[Data extracted from a collection]
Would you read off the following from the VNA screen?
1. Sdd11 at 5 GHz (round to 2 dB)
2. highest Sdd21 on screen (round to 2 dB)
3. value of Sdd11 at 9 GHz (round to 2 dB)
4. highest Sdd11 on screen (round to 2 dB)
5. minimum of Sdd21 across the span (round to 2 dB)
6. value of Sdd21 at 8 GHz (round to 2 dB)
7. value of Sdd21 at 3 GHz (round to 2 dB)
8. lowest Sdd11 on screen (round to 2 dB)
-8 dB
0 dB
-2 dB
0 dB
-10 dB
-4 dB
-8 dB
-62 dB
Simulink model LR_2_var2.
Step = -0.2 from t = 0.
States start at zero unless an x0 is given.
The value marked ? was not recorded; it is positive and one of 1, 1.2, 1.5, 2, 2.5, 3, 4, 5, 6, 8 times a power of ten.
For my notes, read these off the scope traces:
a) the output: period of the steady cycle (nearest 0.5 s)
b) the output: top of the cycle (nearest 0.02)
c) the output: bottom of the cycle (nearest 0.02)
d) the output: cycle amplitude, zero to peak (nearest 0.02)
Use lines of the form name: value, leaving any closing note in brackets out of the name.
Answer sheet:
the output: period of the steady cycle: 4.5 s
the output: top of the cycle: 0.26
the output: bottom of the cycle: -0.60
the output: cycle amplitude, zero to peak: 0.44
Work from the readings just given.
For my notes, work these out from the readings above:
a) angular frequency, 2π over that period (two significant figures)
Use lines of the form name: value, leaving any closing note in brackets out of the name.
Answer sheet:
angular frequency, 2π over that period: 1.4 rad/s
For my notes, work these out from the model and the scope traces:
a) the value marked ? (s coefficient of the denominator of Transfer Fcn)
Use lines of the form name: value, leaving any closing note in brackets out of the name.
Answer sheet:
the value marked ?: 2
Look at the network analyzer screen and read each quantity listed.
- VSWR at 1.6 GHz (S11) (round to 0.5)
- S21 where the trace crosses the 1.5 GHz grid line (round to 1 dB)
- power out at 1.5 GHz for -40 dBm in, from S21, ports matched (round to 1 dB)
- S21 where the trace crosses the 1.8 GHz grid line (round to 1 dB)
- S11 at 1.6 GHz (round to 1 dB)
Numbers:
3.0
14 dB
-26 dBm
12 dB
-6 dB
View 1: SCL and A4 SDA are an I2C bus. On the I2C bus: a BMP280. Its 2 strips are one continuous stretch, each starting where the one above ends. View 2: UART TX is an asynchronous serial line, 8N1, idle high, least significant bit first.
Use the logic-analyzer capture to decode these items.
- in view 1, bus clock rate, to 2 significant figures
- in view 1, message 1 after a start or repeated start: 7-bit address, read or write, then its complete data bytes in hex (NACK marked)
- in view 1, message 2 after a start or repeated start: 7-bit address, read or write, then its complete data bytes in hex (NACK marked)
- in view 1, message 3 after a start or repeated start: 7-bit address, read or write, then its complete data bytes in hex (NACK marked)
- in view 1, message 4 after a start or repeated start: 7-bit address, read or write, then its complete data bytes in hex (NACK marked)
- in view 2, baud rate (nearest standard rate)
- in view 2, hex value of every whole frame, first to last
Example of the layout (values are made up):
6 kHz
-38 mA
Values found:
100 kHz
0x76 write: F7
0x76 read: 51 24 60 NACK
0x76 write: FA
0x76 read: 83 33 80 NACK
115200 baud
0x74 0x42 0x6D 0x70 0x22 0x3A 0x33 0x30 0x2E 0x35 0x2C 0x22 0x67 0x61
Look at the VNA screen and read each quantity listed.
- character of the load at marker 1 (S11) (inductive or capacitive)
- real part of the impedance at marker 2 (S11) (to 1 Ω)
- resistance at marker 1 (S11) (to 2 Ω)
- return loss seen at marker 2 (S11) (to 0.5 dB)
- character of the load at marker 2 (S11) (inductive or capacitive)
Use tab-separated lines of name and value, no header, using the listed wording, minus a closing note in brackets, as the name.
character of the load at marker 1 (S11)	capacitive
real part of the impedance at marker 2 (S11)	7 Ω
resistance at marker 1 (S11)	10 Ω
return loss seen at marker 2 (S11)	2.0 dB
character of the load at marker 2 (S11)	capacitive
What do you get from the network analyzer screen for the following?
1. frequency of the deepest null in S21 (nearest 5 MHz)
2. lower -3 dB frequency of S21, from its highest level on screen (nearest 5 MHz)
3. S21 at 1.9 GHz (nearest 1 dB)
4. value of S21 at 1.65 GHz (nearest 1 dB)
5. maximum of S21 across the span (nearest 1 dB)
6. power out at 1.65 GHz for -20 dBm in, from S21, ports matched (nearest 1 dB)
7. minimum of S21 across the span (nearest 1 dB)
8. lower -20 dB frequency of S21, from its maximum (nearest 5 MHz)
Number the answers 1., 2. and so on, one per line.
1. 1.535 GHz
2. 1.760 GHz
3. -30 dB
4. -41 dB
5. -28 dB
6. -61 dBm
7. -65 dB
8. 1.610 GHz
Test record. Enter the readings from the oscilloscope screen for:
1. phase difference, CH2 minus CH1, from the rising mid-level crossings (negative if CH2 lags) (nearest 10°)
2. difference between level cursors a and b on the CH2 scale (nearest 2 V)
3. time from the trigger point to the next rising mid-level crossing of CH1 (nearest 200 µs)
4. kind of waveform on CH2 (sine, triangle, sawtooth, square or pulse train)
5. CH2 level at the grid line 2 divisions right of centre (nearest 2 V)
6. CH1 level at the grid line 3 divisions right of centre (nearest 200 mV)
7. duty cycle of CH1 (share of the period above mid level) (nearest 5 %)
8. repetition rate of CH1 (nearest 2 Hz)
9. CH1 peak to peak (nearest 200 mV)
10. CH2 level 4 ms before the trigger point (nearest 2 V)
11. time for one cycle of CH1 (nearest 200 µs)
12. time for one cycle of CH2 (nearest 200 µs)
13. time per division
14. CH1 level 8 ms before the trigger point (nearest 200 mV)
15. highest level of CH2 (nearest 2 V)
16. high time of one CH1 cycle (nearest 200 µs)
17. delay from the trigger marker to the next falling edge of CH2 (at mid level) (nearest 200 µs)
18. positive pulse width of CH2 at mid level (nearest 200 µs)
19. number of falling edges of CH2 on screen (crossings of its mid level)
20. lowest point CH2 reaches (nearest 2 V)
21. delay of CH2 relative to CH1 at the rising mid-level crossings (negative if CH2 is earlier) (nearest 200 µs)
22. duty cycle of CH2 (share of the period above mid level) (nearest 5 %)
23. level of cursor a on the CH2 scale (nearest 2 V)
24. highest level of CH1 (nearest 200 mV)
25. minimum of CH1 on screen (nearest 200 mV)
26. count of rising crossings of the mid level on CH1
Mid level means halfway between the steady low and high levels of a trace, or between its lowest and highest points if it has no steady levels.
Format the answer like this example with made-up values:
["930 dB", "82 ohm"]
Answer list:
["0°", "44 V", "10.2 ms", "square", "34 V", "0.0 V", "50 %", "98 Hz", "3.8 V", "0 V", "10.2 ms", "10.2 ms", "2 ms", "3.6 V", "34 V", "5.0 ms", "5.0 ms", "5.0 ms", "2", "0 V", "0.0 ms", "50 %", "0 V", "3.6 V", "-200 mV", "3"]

- _TASK GOAL_:
Copy the entries exactly as they appear.

- _SOLUTION TO THIS TASK_:
Would you read off the following from the VNA screen?
1. Sdd11 at 5 GHz (round to 2 dB)
2. highest Sdd21 on screen (round to 2 dB)
3. value of Sdd11 at 9 GHz (round to 2 dB)
4. highest Sdd11 on screen (round to 2 dB)
5. minimum of Sdd21 across the span (round to 2 dB)
6. value of Sdd21 at 8 GHz (round to 2 dB)
7. value of Sdd21 at 3 GHz (round to 2 dB)
8. lowest Sdd11 on screen (round to 2 dB)
-8 dB
0 dB
-2 dB
0 dB
-10 dB
-4 dB
-8 dB
-62 dB
Simulink model LR_2_var2.
Step = -0.2 from t = 0.
States start at zero unless an x0 is given.
The value marked ? was not recorded; it is positive and one of 1, 1.2, 1.5, 2, 2.5, 3, 4, 5, 6, 8 times a power of ten.
For my notes, read these off the scope traces:
a) the output: period of the steady cycle (nearest 0.5 s)
b) the output: top of the cycle (nearest 0.02)
c) the output: bottom of the cycle (nearest 0.02)
d) the output: cycle amplitude, zero to peak (nearest 0.02)
Use lines of the form name: value, leaving any closing note in brackets out of the name.
Answer sheet:
the output: period of the steady cycle: 4.5 s
the output: top of the cycle: 0.26
the output: bottom of the cycle: -0.60
the output: cycle amplitude, zero to peak: 0.44
Work from the readings just given.
For my notes, work these out from the readings above:
a) angular frequency, 2π over that period (two significant figures)
Use lines of the form name: value, leaving any closing note in brackets out of the name.
Answer sheet:
angular frequency, 2π over that period: 1.4 rad/s
For my notes, work these out from the model and the scope traces:
a) the value marked ? (s coefficient of the denominator of Transfer Fcn)
Use lines of the form name: value, leaving any closing note in brackets out of the name.
Answer sheet:
the value marked ?: 2
Look at the network analyzer screen and read each quantity listed.
- VSWR at 1.6 GHz (S11) (round to 0.5)
- S21 where the trace crosses the 1.5 GHz grid line (round to 1 dB)
- power out at 1.5 GHz for -40 dBm in, from S21, ports matched (round to 1 dB)
- S21 where the trace crosses the 1.8 GHz grid line (round to 1 dB)
- S11 at 1.6 GHz (round to 1 dB)
Numbers:
3.0
14 dB
-26 dBm
12 dB
-6 dB
View 1: SCL and A4 SDA are an I2C bus. On the I2C bus: a BMP280. Its 2 strips are one continuous stretch, each starting where the one above ends. View 2: UART TX is an asynchronous serial line, 8N1, idle high, least significant bit first.
Use the logic-analyzer capture to decode these items.
- in view 1, bus clock rate, to 2 significant figures
- in view 1, message 1 after a start or repeated start: 7-bit address, read or write, then its complete data bytes in hex (NACK marked)
- in view 1, message 2 after a start or repeated start: 7-bit address, read or write, then its complete data bytes in hex (NACK marked)
- in view 1, message 3 after a start or repeated start: 7-bit address, read or write, then its complete data bytes in hex (NACK marked)
- in view 1, message 4 after a start or repeated start: 7-bit address, read or write, then its complete data bytes in hex (NACK marked)
- in view 2, baud rate (nearest standard rate)
- in view 2, hex value of every whole frame, first to last
Example of the layout (values are made up):
6 kHz
-38 mA
Values found:
100 kHz
0x76 write: F7
0x76 read: 51 24 60 NACK
0x76 write: FA
0x76 read: 83 33 80 NACK
115200 baud
0x74 0x42 0x6D 0x70 0x22 0x3A 0x33 0x30 0x2E 0x35 0x2C 0x22 0x67 0x61
Look at the VNA screen and read each quantity listed.
- character of the load at marker 1 (S11) (inductive or capacitive)
- real part of the impedance at marker 2 (S11) (to 1 Ω)
- resistance at marker 1 (S11) (to 2 Ω)
- return loss seen at marker 2 (S11) (to 0.5 dB)
- character of the load at marker 2 (S11) (inductive or capacitive)
Use tab-separated lines of name and value, no header, using the listed wording, minus a closing note in brackets, as the name.
character of the load at marker 1 (S11)	capacitive
real part of the impedance at marker 2 (S11)	7 Ω
resistance at marker 1 (S11)	10 Ω
return loss seen at marker 2 (S11)	2.0 dB
character of the load at marker 2 (S11)	capacitive
What do you get from the network analyzer screen for the following?
1. frequency of the deepest null in S21 (nearest 5 MHz)
2. lower -3 dB frequency of S21, from its highest level on screen (nearest 5 MHz)
3. S21 at 1.9 GHz (nearest 1 dB)
4. value of S21 at 1.65 GHz (nearest 1 dB)
5. maximum of S21 across the span (nearest 1 dB)
6. power out at 1.65 GHz for -20 dBm in, from S21, ports matched (nearest 1 dB)
7. minimum of S21 across the span (nearest 1 dB)
8. lower -20 dB frequency of S21, from its maximum (nearest 5 MHz)
Number the answers 1., 2. and so on, one per line.
1. 1.535 GHz
2. 1.760 GHz
3. -30 dB
4. -41 dB
5. -28 dB
6. -61 dBm
7. -65 dB
8. 1.610 GHz
Test record. Enter the readings from the oscilloscope screen for:
1. phase difference, CH2 minus CH1, from the rising mid-level crossings (negative if CH2 lags) (nearest 10°)
2. difference between level cursors a and b on the CH2 scale (nearest 2 V)
3. time from the trigger point to the next rising mid-level crossing of CH1 (nearest 200 µs)
4. kind of waveform on CH2 (sine, triangle, sawtooth, square or pulse train)
5. CH2 level at the grid line 2 divisions right of centre (nearest 2 V)
6. CH1 level at the grid line 3 divisions right of centre (nearest 200 mV)
7. duty cycle of CH1 (share of the period above mid level) (nearest 5 %)
8. repetition rate of CH1 (nearest 2 Hz)
9. CH1 peak to peak (nearest 200 mV)
10. CH2 level 4 ms before the trigger point (nearest 2 V)
11. time for one cycle of CH1 (nearest 200 µs)
12. time for one cycle of CH2 (nearest 200 µs)
13. time per division
14. CH1 level 8 ms before the trigger point (nearest 200 mV)
15. highest level of CH2 (nearest 2 V)
16. high time of one CH1 cycle (nearest 200 µs)
17. delay from the trigger marker to the next falling edge of CH2 (at mid level) (nearest 200 µs)
18. positive pulse width of CH2 at mid level (nearest 200 µs)
19. number of falling edges of CH2 on screen (crossings of its mid level)
20. lowest point CH2 reaches (nearest 2 V)
21. delay of CH2 relative to CH1 at the rising mid-level crossings (negative if CH2 is earlier) (nearest 200 µs)
22. duty cycle of CH2 (share of the period above mid level) (nearest 5 %)
23. level of cursor a on the CH2 scale (nearest 2 V)
24. highest level of CH1 (nearest 200 mV)
25. minimum of CH1 on screen (nearest 200 mV)
26. count of rising crossings of the mid level on CH1
Mid level means halfway between the steady low and high levels of a trace, or between its lowest and highest points if it has no steady levels.
Format the answer like this example with made-up values:
["930 dB", "82 ohm"]
Answer list:
["0°", "44 V", "10.2 ms", "square", "34 V", "0.0 V", "50 %", "98 Hz", "3.8 V", "0 V", "10.2 ms", "10.2 ms", "2 ms", "3.6 V", "34 V", "5.0 ms", "5.0 ms", "5.0 ms", "2", "0 V", "0.0 ms", "50 %", "0 V", "3.6 V", "-200 mV", "3"]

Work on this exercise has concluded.